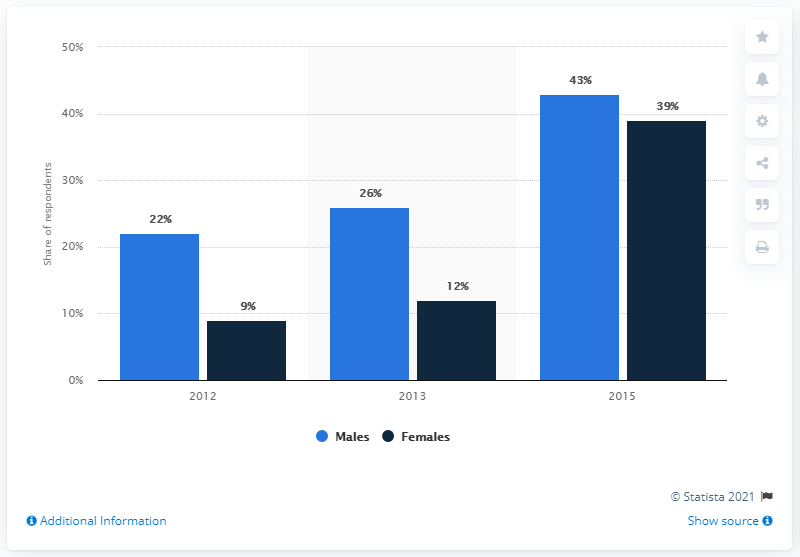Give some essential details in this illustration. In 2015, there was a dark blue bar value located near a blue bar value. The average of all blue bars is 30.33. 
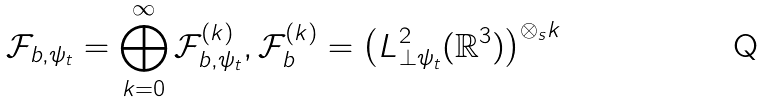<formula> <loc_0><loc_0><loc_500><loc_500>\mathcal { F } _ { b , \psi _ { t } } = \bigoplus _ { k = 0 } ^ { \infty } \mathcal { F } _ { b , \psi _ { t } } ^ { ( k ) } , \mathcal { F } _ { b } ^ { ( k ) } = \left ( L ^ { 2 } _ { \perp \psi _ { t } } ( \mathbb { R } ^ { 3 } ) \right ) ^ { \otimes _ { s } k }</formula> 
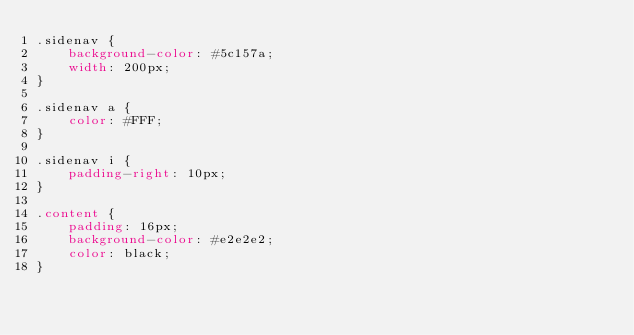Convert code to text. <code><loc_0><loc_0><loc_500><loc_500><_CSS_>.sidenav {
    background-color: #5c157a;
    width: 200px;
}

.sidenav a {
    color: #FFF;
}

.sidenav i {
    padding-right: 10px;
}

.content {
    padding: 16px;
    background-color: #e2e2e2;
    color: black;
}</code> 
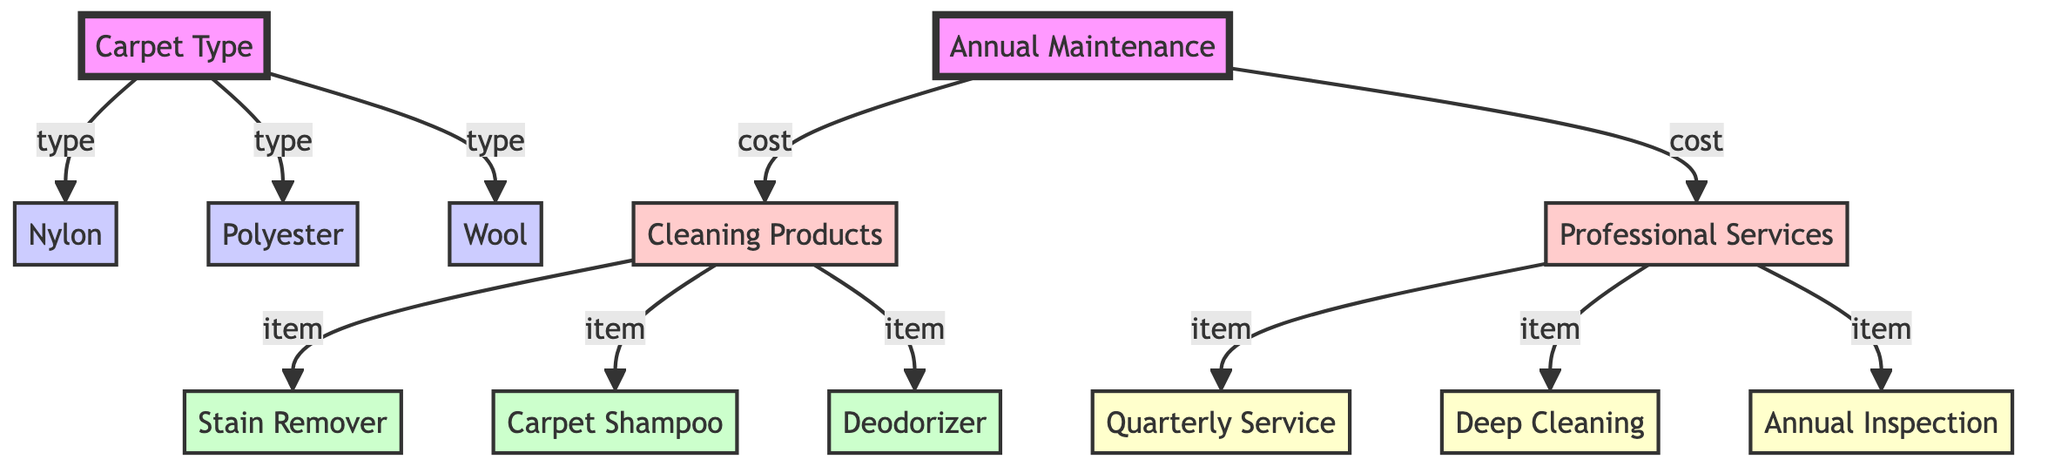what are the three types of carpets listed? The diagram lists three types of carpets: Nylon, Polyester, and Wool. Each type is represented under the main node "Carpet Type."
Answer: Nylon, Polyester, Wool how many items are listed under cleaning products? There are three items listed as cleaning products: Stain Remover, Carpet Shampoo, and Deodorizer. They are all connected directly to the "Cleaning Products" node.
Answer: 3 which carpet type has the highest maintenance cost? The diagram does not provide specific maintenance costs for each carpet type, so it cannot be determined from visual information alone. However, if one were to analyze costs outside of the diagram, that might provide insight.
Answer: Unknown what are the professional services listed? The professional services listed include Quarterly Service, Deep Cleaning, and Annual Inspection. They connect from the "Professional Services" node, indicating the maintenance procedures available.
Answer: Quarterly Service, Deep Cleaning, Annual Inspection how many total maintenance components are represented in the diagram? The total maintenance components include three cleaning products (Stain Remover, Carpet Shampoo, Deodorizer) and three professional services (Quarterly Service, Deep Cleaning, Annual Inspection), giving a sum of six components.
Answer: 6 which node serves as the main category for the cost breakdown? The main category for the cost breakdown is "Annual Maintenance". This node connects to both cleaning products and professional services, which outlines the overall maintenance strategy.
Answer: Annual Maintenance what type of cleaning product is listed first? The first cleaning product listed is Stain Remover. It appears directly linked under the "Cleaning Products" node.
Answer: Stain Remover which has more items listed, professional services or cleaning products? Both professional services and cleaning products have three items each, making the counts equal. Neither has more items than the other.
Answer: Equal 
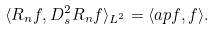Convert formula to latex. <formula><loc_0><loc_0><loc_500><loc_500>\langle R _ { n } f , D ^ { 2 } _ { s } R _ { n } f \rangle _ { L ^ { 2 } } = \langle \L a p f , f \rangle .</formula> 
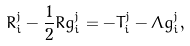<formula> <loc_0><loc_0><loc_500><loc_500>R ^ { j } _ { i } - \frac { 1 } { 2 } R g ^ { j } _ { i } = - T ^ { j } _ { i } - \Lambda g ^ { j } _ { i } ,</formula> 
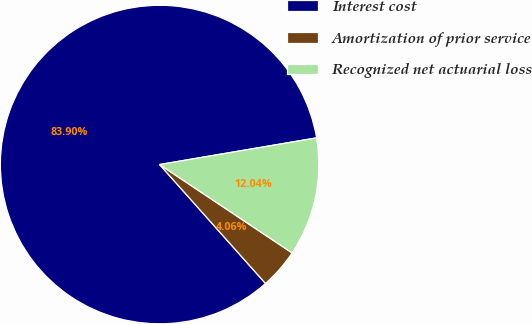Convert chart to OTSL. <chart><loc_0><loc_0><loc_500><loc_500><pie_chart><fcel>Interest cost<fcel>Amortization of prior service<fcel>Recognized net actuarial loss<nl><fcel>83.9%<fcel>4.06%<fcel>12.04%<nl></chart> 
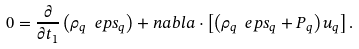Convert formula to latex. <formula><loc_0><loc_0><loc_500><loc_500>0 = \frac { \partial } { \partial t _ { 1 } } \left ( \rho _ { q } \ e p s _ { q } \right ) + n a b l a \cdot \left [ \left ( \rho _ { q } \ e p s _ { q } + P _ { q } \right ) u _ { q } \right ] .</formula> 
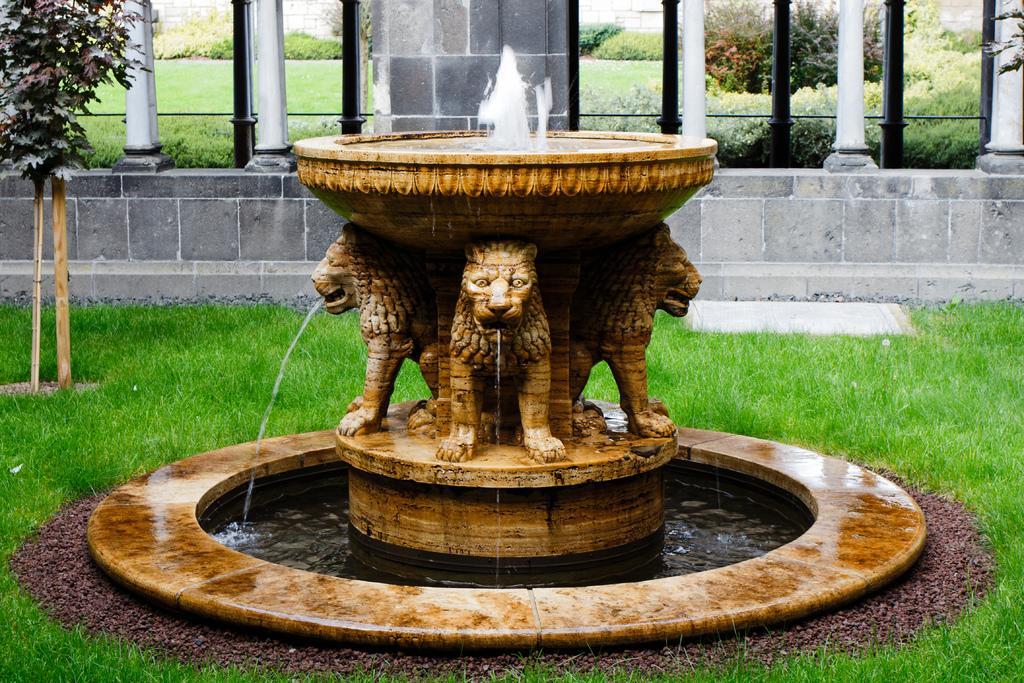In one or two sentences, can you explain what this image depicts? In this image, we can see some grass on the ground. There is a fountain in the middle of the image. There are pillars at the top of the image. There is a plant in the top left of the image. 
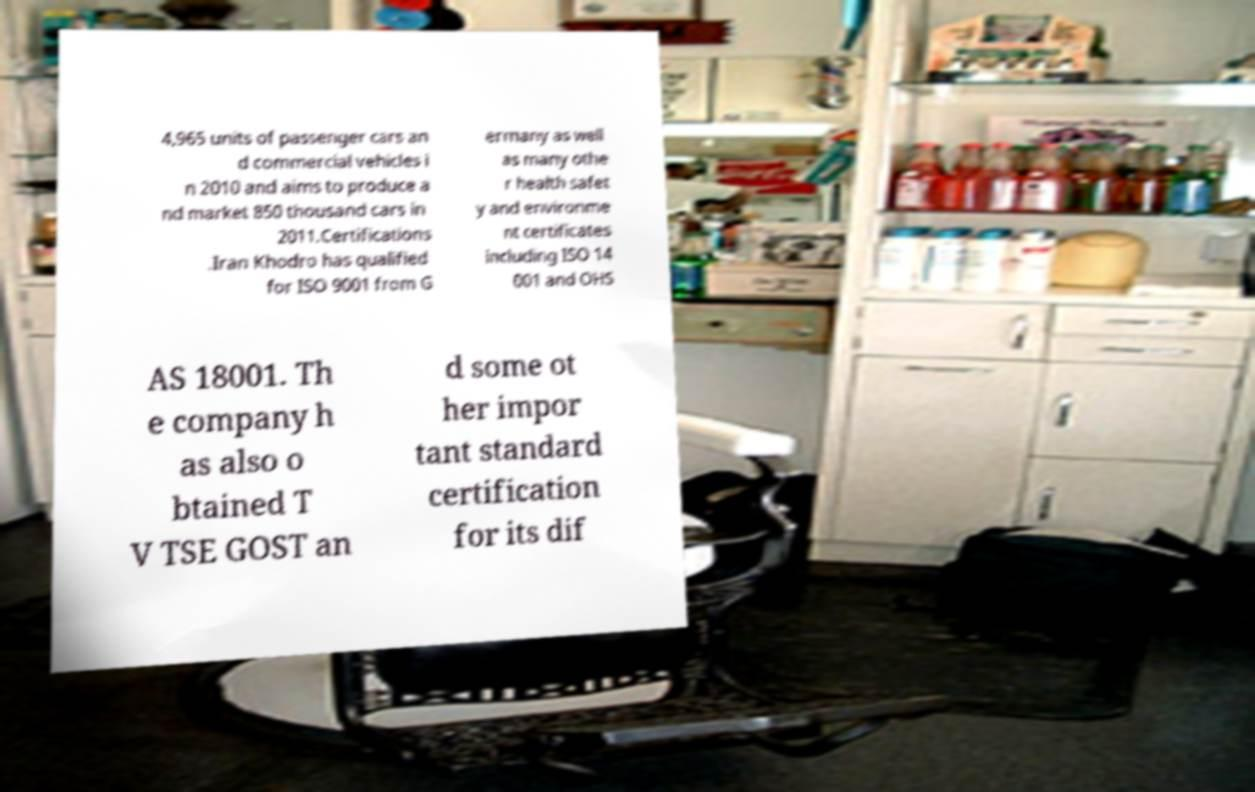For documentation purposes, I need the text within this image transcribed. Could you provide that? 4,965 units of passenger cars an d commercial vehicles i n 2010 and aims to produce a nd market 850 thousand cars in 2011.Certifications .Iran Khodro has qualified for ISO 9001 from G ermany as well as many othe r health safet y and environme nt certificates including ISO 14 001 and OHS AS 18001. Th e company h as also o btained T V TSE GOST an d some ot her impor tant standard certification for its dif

_ _ _ _ _ _ _

All that should be printed is the run of lines above from the one with "color: #FFF;" through the one with "what are the three", both included, exactly as given, with pictures left out.

    color: #FFF;
}

.sidenav i {
    padding-right: 10px;
}

.content {
    padding: 16px;
    background-color: #e2e2e2;
    color: black;
}</code> 
what are the three types of carpets listed? The diagram lists three types of carpets: Nylon, Polyester, and Wool. Each type is represented under the main node "Carpet Type."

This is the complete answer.